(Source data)
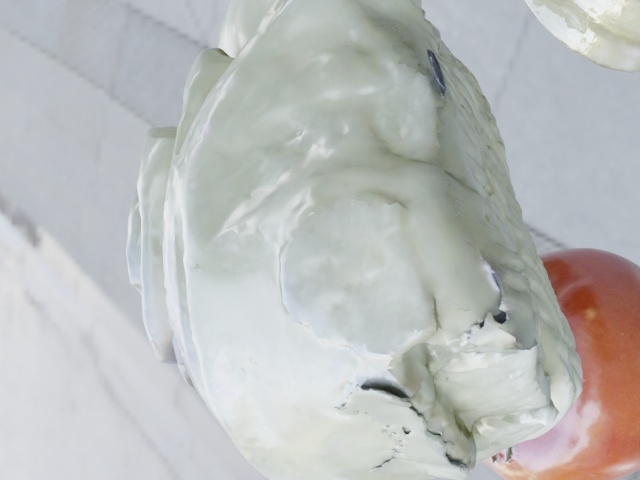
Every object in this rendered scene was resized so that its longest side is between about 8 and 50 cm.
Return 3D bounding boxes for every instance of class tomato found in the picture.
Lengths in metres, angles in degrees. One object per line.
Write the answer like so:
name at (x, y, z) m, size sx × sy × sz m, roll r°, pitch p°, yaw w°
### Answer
tomato at (0.249, 0.131, 1.741) m, size 0.256 × 0.225 × 0.255 m, roll -2°, pitch 88°, yaw 63°

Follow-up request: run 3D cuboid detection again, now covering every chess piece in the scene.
chess piece at (0.315, -0.298, 1.473) m, size 0.299 × 0.167 × 0.167 m, roll -50°, pitch 41°, yaw 36°

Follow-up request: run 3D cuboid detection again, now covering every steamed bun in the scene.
steamed bun at (0.000, 0.000, 1.042) m, size 0.394 × 0.237 × 0.346 m, roll -80°, pitch -34°, yaw -72°
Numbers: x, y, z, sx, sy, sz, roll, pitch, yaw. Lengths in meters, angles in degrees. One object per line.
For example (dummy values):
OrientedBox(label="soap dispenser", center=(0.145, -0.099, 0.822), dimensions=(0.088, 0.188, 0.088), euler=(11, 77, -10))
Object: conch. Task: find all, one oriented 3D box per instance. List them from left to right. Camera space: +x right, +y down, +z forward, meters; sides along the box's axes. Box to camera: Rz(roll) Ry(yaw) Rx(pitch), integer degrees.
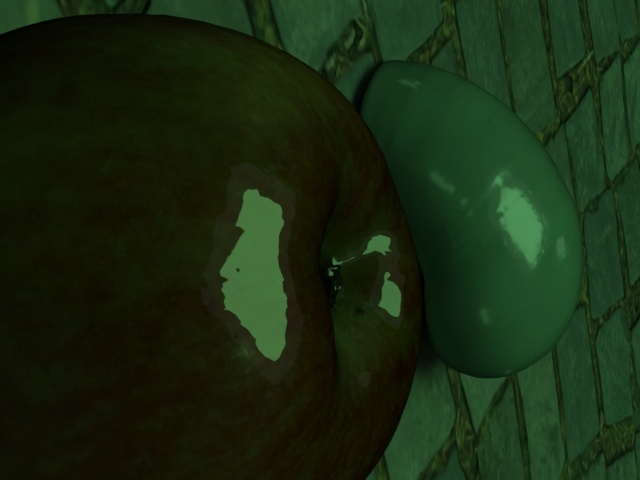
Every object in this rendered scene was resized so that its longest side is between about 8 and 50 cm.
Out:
OrientedBox(label="conch", center=(0.100, -0.020, 0.944), dimensions=(0.185, 0.121, 0.221), euler=(-114, 180, -64))

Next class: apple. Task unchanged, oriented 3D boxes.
OrientedBox(label="apple", center=(-0.062, 0.019, 0.475), dimensions=(0.188, 0.174, 0.188), euler=(28, 59, -59))
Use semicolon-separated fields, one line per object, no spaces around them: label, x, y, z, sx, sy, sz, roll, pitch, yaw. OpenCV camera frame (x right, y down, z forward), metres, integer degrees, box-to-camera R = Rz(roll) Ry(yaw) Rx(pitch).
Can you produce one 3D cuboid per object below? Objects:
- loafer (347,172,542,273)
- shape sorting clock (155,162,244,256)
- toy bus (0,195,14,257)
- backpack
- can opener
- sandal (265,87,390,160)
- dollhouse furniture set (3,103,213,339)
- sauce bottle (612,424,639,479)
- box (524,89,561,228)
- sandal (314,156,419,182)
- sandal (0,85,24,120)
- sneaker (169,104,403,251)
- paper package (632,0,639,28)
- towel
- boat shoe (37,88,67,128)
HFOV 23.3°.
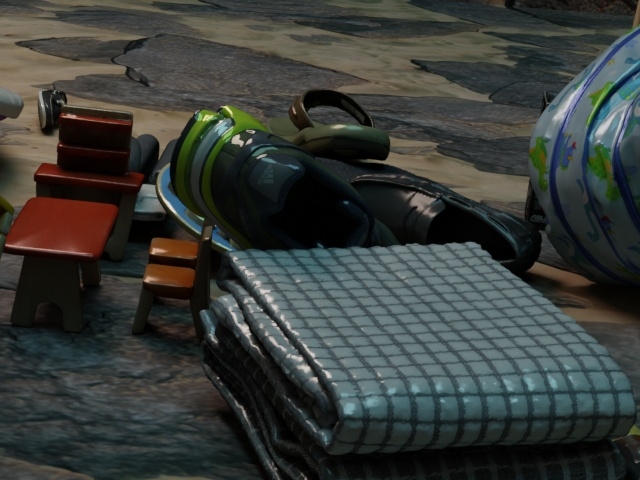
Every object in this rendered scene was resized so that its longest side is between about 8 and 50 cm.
loafer;0.117;-0.020;1.595;0.223;0.076;0.078;18;12;21
shape sorting clock;-0.063;-0.028;1.531;0.206;0.040;0.206;22;28;-12
toy bus;-0.328;0.005;1.141;0.104;0.202;0.191;46;-2;-43
backpack;0.379;-0.100;1.566;0.355;0.290;0.273;-26;15;-11
can opener;-0.183;-0.083;1.647;0.076;0.095;0.283;8;17;0
sandal;0.016;-0.143;1.890;0.120;0.086;0.303;1;3;-18
dollhouse furniture set;-0.221;-0.025;1.374;0.262;0.135;0.259;6;17;-3
sauce bottle;0.219;0.155;1.101;0.042;0.042;0.128;6;7;-3
box;0.332;-0.082;1.766;0.180;0.147;0.077;8;17;5
sandal;0.027;-0.053;1.732;0.097;0.054;0.254;30;18;39
sandal;-0.441;-0.148;1.772;0.169;0.102;0.416;17;0;-19
sneaker;0.000;0.000;1.294;0.121;0.111;0.300;28;-4;42
paper package;0.486;-0.222;2.006;0.168;0.309;0.325;14;19;13
towel;0.056;0.102;1.117;0.235;0.121;0.284;-2;21;-22
boat shoe;-0.336;-0.167;1.949;0.038;0.046;0.125;-1;10;-9
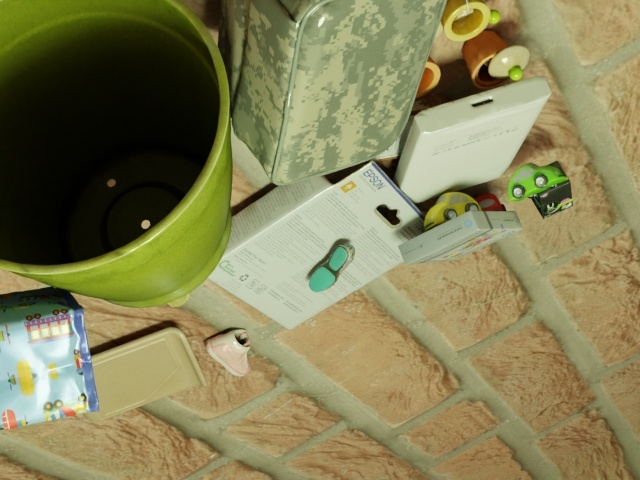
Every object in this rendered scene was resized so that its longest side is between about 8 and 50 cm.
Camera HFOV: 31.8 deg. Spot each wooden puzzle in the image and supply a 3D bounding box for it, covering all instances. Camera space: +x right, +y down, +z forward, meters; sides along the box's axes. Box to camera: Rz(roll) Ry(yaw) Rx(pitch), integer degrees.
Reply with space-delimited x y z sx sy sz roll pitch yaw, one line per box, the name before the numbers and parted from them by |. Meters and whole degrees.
wooden puzzle | -0.339 0.237 2.016 0.238 0.044 0.221 -16 147 -3

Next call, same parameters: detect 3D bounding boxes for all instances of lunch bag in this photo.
lunch bag | -0.017 -0.261 1.302 0.212 0.256 0.305 -22 148 -27
lunch bag | -0.413 0.119 1.390 0.220 0.293 0.138 -11 109 -17

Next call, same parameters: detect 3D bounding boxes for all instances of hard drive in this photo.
hard drive | 0.221 -0.144 1.732 0.203 0.040 0.307 -17 164 -9

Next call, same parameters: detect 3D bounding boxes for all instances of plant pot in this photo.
plant pot | -0.257 -0.079 1.385 0.366 0.367 0.353 -23 159 -1

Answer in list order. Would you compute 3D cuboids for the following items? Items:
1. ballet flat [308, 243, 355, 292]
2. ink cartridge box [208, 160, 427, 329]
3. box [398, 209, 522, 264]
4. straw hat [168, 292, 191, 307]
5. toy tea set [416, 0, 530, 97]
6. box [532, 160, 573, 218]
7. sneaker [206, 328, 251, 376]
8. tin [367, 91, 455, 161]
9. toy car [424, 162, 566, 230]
ballet flat | 0.023 0.044 1.839 0.041 0.041 0.114 5 140 -36
ink cartridge box | 0.000 0.000 1.854 0.330 0.071 0.324 -33 148 11
box | 0.234 -0.006 1.864 0.145 0.038 0.186 -27 168 29
straw hat | -0.239 0.073 1.822 0.144 0.061 0.144 -16 146 -11
toy tea set | 0.149 -0.248 1.548 0.336 0.124 0.200 -11 145 -18
box | 0.408 -0.089 1.993 0.062 0.052 0.083 -25 146 1
sneaker | -0.148 0.206 2.071 0.070 0.051 0.134 -27 143 15
tin | 0.128 -0.173 1.725 0.189 0.040 0.106 -12 141 -17
toy car | 0.302 -0.079 1.874 0.225 0.053 0.239 -26 168 31
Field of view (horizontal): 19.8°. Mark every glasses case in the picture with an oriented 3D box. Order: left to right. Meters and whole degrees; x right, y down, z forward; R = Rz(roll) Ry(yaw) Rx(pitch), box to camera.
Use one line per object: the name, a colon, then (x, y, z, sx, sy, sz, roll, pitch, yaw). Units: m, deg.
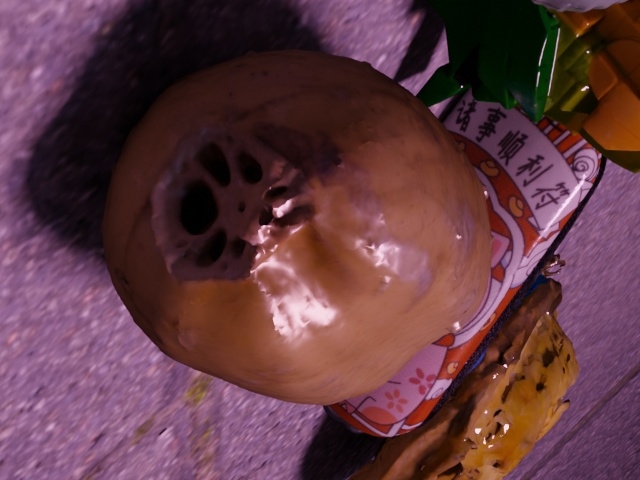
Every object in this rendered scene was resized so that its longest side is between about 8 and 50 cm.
glasses case: (0.083, 0.010, 1.179, 0.067, 0.103, 0.266, -11, 138, -59)

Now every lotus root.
lotus root: (0.000, 0.000, 0.920, 0.169, 0.151, 0.343, -35, 166, 6)

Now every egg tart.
egg tart: (0.129, 0.137, 1.459, 0.291, 0.107, 0.291, -51, 174, -8)

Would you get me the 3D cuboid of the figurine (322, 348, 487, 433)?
figurine: (0.057, 0.085, 1.302, 0.086, 0.087, 0.149, -31, 162, -46)

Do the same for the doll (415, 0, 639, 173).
doll: (0.138, -0.101, 0.981, 0.106, 0.186, 0.134, -27, 134, -46)

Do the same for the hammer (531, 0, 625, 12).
hammer: (0.192, -0.270, 0.894, 0.335, 0.119, 0.206, -46, 162, -28)
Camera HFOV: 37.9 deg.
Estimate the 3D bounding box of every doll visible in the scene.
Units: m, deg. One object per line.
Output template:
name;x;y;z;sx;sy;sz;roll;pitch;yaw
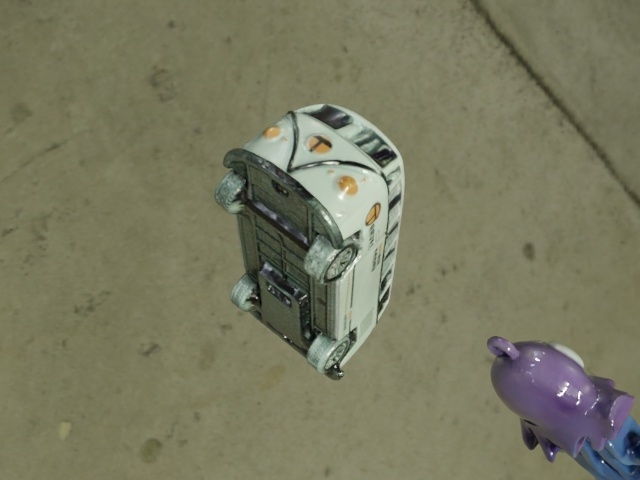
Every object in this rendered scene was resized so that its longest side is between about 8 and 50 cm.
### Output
doll;0.182;0.129;0.627;0.206;0.110;0.067;44;67;-17

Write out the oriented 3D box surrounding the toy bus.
toy bus;0.000;0.000;0.542;0.089;0.087;0.194;-44;157;-23

Assignment
If the string "picture" appears in a line of the entries, report the line.

Result for this task
Return 3D bounding boxes for every instance of class tomato found in the picture.
Field of view (horizontal): 19.8°. Mark every glasses case in the picture with an oriented 3D box. Order: left to right. Meters and whole degrees; x right, y down, z forward; R = Rz(roll) Ry(yaw) Rx(pitch), box to camera.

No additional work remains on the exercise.